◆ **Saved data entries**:

- Opening Delimiter -

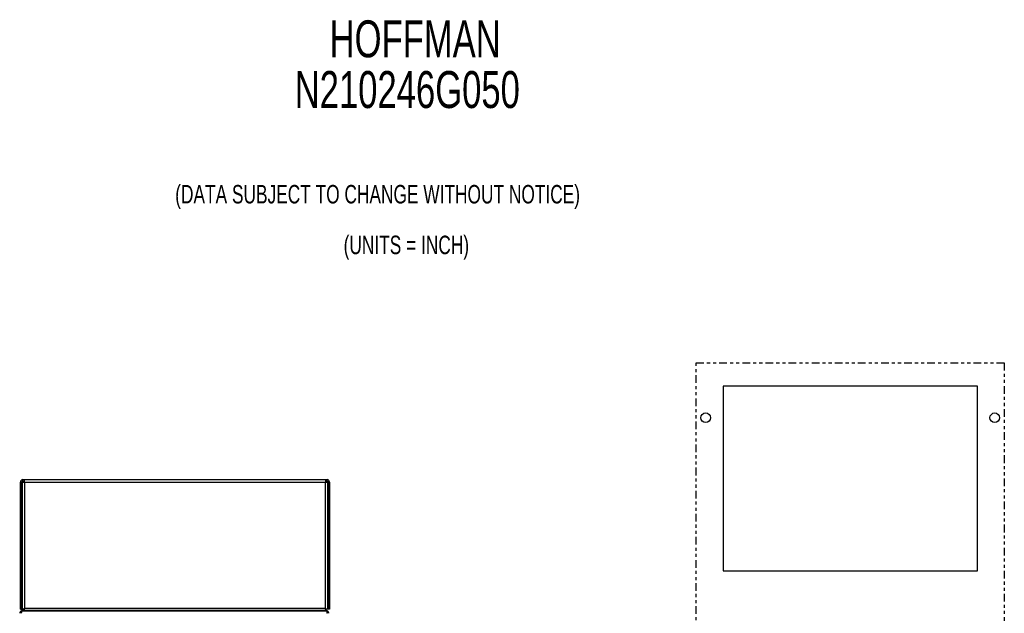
# Model space of a CAD drawing. Extents: x 2 to 63.8, y 0.7 to 42.
# Tile 7 of 7: x 30.5 to 62.5, y 22.7 to 42. Entities that reach past the tile are written whole.
import ezdxf

# ---------------------------------------------------------------- set-up
doc = ezdxf.new("R2010")
doc.units = 0
doc.linetypes.add('PHANTOM', pattern=[0.5, 0.25, -0.05, 0.05, -0.05, 0.05, -0.05])
for name, color, linetype in [('ACCESSORIES', 11, 'CONTINUOUS'), ('BODY', 3, 'CONTINUOUS'), ('TEXT', 7, 'CONTINUOUS')]:
    doc.layers.add(name, color=color, linetype=linetype)
doc.styles.add('SLDTEXTSTYLE0', font='TXT', dxfattribs={"width": 0.7})

# ---------------------------------------------------------------- blocks, each defined once
blk = doc.blocks.new('SW_NOTE_1')
at = {"layer": 'TEXT', "color": 0, "linetype": 'CONTINUOUS', "style": 'SLDTEXTSTYLE0', "width": 0.7}
for s, p in [('(DATA SUBJECT TO CHANGE WITHOUT NOTICE)', (1.512, 0.173)), ('(UNITS = INCH)', (6.976, -1.473))]:
    blk.add_text(s, height=0.6, dxfattribs=at).set_placement(p)

msp = doc.modelspace()

# ---------------------------------------------------------------- linework, layer by layer
at = {"layer": 'ACCESSORIES', "linetype": 'PHANTOM'}
for p, q in [((52.5, 9.957), (52.5, 30.857)), ((52.5, 30.857), (62.5, 30.857)), ((62.5, 30.857), (62.5, 9.957))]:
    msp.add_line(p, q, dxfattribs=at)
at = {"layer": 'ACCESSORIES', "linetype": 'CONTINUOUS'}
for p, q in [((61.625, 30.107), (53.375, 30.107)), ((53.375, 30.107), (53.375, 24.107)), ((61.625, 24.107), (61.625, 30.107)), ((53.375, 24.107), (61.625, 24.107))]:
    msp.add_line(p, q, dxfattribs=at)
for centre in [(52.81, 29.077), (62.19, 29.077)]:
    msp.add_circle(centre, 0.156, dxfattribs=at)
at = {"layer": 'BODY', "linetype": 'CONTINUOUS'}
for p, q in [((30.572, 22.867), (30.572, 26.99)), ((30.619, 26.99), (30.572, 26.99)), ((30.619, 22.867), (30.619, 26.99)), ((30.625, 26.99), (30.625, 22.867)), ((30.625, 26.99), (30.702, 26.99)), ((30.649, 27.02), (30.649, 27.067)), ((30.649, 27.067), (30.702, 27.067)), ((30.649, 27.02), (30.702, 27.02)), ((30.702, 26.99), (30.702, 27.067)), ((30.702, 27.067), (40.472, 27.067)), ((30.702, 26.99), (40.472, 26.99)), ((30.702, 26.99), (30.702, 22.897)), ((40.472, 27.067), (40.472, 26.99)), ((40.472, 27.067), (40.525, 27.067)), ((40.472, 27.02), (40.525, 27.02)), ((40.472, 22.897), (40.472, 26.99)), ((40.472, 26.99), (40.549, 26.99)), ((40.525, 27.02), (40.525, 27.067)), ((40.549, 22.867), (40.549, 26.99)), ((40.555, 26.99), (40.555, 22.867)), ((40.555, 26.99), (40.602, 26.99)), ((40.602, 26.99), (40.602, 22.867)), ((30.572, 22.867), (30.619, 22.867)), ((30.624, 22.805), (30.619, 22.817)), ((40.509, 22.817), (30.619, 22.817)), ((30.619, 22.817), (30.619, 22.806)), ((30.702, 22.867), (30.625, 22.867)), ((30.628, 22.807), (40.5, 22.807)), ((30.702, 22.897), (40.472, 22.897)), ((30.702, 22.867), (30.702, 22.897)), ((30.702, 22.82), (30.702, 22.867)), ((30.702, 22.82), (40.472, 22.82)), ((40.472, 22.867), (40.472, 22.897)), ((40.472, 22.867), (40.472, 22.82)), ((40.549, 22.867), (40.472, 22.867)), ((40.509, 22.817), (40.505, 22.805)), ((40.509, 22.817), (40.509, 22.806)), ((40.602, 22.867), (40.555, 22.867))]:
    msp.add_line(p, q, dxfattribs=at)
for points in [[(30.628, 22.807), (30.626, 22.807), (30.624, 22.807), (30.622, 22.806), (30.619, 22.806), (30.617, 22.806), (30.615, 22.806), (30.613, 22.805), (30.611, 22.805), (30.609, 22.804), (30.606, 22.804), (30.604, 22.803), (30.602, 22.803), (30.6, 22.802), (30.598, 22.801), (30.596, 22.8), (30.594, 22.799), (30.592, 22.798), (30.59, 22.797), (30.588, 22.796), (30.586, 22.795), (30.584, 22.794), (30.583, 22.793), (30.581, 22.791), (30.579, 22.79), (30.577, 22.788), (30.576, 22.787), (30.574, 22.785), (30.572, 22.784), (30.571, 22.782), (30.569, 22.781), (30.568, 22.779), (30.567, 22.777), (30.565, 22.776), (30.564, 22.774), (30.563, 22.772), (30.561, 22.77), (30.56, 22.768), (30.559, 22.766), (30.558, 22.764), (30.557, 22.762), (30.556, 22.76), (30.555, 22.758), (30.554, 22.756), (30.554, 22.754), (30.553, 22.752), (30.552, 22.75), (30.552, 22.748), (30.551, 22.746), (30.551, 22.743), (30.551, 22.741), (30.55, 22.739), (30.55, 22.737), (30.55, 22.735), (30.55, 22.732), (30.549, 22.73), (30.549, 22.728)], [(30.609, 22.752), (30.608, 22.751), (30.608, 22.751), (30.607, 22.751), (30.607, 22.75), (30.606, 22.75), (30.606, 22.749), (30.605, 22.749), (30.605, 22.748), (30.604, 22.748), (30.604, 22.747), (30.603, 22.747), (30.603, 22.746), (30.603, 22.746), (30.602, 22.745), (30.602, 22.745), (30.601, 22.744), (30.601, 22.743), (30.601, 22.743), (30.601, 22.742), (30.6, 22.741), (30.6, 22.741), (30.6, 22.74), (30.6, 22.739), (30.599, 22.739), (30.599, 22.738), (30.599, 22.738), (30.599, 22.737), (30.599, 22.736), (30.598, 22.736), (30.598, 22.735), (30.598, 22.734), (30.598, 22.733), (30.598, 22.733), (30.598, 22.732), (30.598, 22.731), (30.598, 22.731), (30.598, 22.73), (30.597, 22.729), (30.597, 22.729), (30.597, 22.728)], [(30.604, 22.728), (30.605, 22.73), (30.605, 22.732), (30.606, 22.735), (30.606, 22.737), (30.607, 22.739), (30.607, 22.741), (30.607, 22.743), (30.608, 22.746), (30.608, 22.748), (30.609, 22.75), (30.609, 22.752), (30.61, 22.754), (30.61, 22.756), (30.61, 22.758), (30.611, 22.76), (30.611, 22.762), (30.612, 22.764), (30.612, 22.766), (30.613, 22.768), (30.613, 22.77), (30.613, 22.772), (30.614, 22.774), (30.614, 22.776), (30.615, 22.777), (30.615, 22.779), (30.615, 22.781), (30.616, 22.782), (30.616, 22.784), (30.617, 22.785), (30.617, 22.787), (30.618, 22.788), (30.618, 22.79), (30.618, 22.791), (30.619, 22.793), (30.619, 22.794), (30.62, 22.795), (30.62, 22.796), (30.621, 22.797), (30.621, 22.798), (30.621, 22.799), (30.622, 22.8), (30.622, 22.801), (30.623, 22.802), (30.623, 22.803), (30.624, 22.803), (30.624, 22.804), (30.624, 22.805), (30.625, 22.805), (30.625, 22.805), (30.626, 22.806), (30.626, 22.806), (30.627, 22.806), (30.627, 22.807), (30.627, 22.807), (30.628, 22.807), (30.628, 22.807)], [(40.5, 22.807), (40.501, 22.807), (40.501, 22.807), (40.502, 22.806), (40.502, 22.806), (40.502, 22.806), (40.503, 22.806), (40.503, 22.805), (40.504, 22.805), (40.504, 22.804), (40.505, 22.804), (40.505, 22.803), (40.505, 22.803), (40.506, 22.802), (40.506, 22.801), (40.507, 22.8), (40.507, 22.799), (40.508, 22.798), (40.508, 22.797), (40.508, 22.796), (40.509, 22.795), (40.509, 22.794), (40.51, 22.793), (40.51, 22.791), (40.511, 22.79), (40.511, 22.788), (40.511, 22.787), (40.512, 22.785), (40.512, 22.784), (40.513, 22.782), (40.513, 22.781), (40.514, 22.779), (40.514, 22.777), (40.514, 22.776), (40.515, 22.774), (40.515, 22.772), (40.516, 22.77), (40.516, 22.768), (40.517, 22.766), (40.517, 22.764), (40.517, 22.762), (40.518, 22.76), (40.518, 22.758), (40.519, 22.756), (40.519, 22.754), (40.52, 22.752), (40.52, 22.75), (40.52, 22.748), (40.521, 22.746), (40.521, 22.743), (40.522, 22.741), (40.522, 22.739), (40.523, 22.737), (40.523, 22.735), (40.523, 22.732), (40.524, 22.73), (40.524, 22.728)], [(40.579, 22.728), (40.579, 22.73), (40.579, 22.732), (40.579, 22.735), (40.578, 22.737), (40.578, 22.739), (40.578, 22.741), (40.578, 22.743), (40.577, 22.746), (40.577, 22.748), (40.576, 22.75), (40.576, 22.752), (40.575, 22.754), (40.574, 22.756), (40.573, 22.758), (40.573, 22.76), (40.572, 22.762), (40.571, 22.764), (40.57, 22.766), (40.568, 22.768), (40.567, 22.77), (40.566, 22.772), (40.565, 22.774), (40.563, 22.776), (40.562, 22.777), (40.561, 22.779), (40.559, 22.781), (40.558, 22.782), (40.556, 22.784), (40.555, 22.785), (40.553, 22.787), (40.551, 22.788), (40.55, 22.79), (40.548, 22.791), (40.546, 22.793), (40.544, 22.794), (40.542, 22.795), (40.54, 22.796), (40.539, 22.797), (40.537, 22.798), (40.535, 22.799), (40.533, 22.8), (40.531, 22.801), (40.528, 22.802), (40.526, 22.803), (40.524, 22.803), (40.522, 22.804), (40.52, 22.805), (40.518, 22.805), (40.516, 22.805), (40.514, 22.806), (40.511, 22.806), (40.509, 22.806), (40.507, 22.807), (40.505, 22.807), (40.503, 22.807), (40.5, 22.807)], [(40.531, 22.728), (40.531, 22.729), (40.531, 22.729), (40.531, 22.73), (40.531, 22.731), (40.531, 22.731), (40.531, 22.732), (40.531, 22.733), (40.531, 22.734), (40.53, 22.734), (40.53, 22.735), (40.53, 22.736), (40.53, 22.736), (40.53, 22.737), (40.53, 22.738), (40.53, 22.738), (40.529, 22.739), (40.529, 22.74), (40.529, 22.74), (40.529, 22.741), (40.528, 22.741), (40.528, 22.742), (40.528, 22.743), (40.527, 22.743), (40.527, 22.744), (40.527, 22.745), (40.526, 22.745), (40.526, 22.746), (40.526, 22.746), (40.525, 22.747), (40.525, 22.747), (40.524, 22.748), (40.524, 22.749), (40.523, 22.749), (40.523, 22.749), (40.522, 22.75), (40.522, 22.75), (40.521, 22.751), (40.521, 22.751), (40.52, 22.751), (40.52, 22.752)]]:
    msp.add_lwpolyline(points, dxfattribs=at)
for centre, radius, start, end in [((30.649, 26.99), 0.077, 90, 180), ((30.649, 26.99), 0.03, 90, 180), ((40.525, 26.99), 0.077, 0, 90), ((40.525, 26.99), 0.03, 0, 90)]:
    msp.add_arc(centre, radius, start, end, dxfattribs=at)

# ---------------------------------------------------------------- block references
at = {"layer": 'TEXT'}
msp.add_blockref('SW_NOTE_1', (34.084, 35.861), dxfattribs=at)

# ---------------------------------------------------------------- texts
at = {"layer": 'TEXT', "color": 0, "linetype": 'CONTINUOUS', "style": 'SLDTEXTSTYLE0', "width": 0.7}
for s, p in [('HOFFMAN', (40.606, 40.778)), ('N210246G050', (39.473, 39.132))]:
    msp.add_text(s, height=1.2, dxfattribs=at).set_placement(p)

doc.saveas('drawing.dxf')

- Closing Delimiter -

◆ **Requirement**: Look through the entries above. Copy each line in which the string "dxfattribs" occurs.

◆ **Response to this exercise**:
doc.styles.add('SLDTEXTSTYLE0', font='TXT', dxfattribs={"width": 0.7})
    blk.add_text(s, height=0.6, dxfattribs=at).set_placement(p)
    msp.add_line(p, q, dxfattribs=at)
    msp.add_line(p, q, dxfattribs=at)
    msp.add_circle(centre, 0.156, dxfattribs=at)
    msp.add_line(p, q, dxfattribs=at)
    msp.add_lwpolyline(points, dxfattribs=at)
    msp.add_arc(centre, radius, start, end, dxfattribs=at)
msp.add_blockref('SW_NOTE_1', (34.084, 35.861), dxfattribs=at)
    msp.add_text(s, height=1.2, dxfattribs=at).set_placement(p)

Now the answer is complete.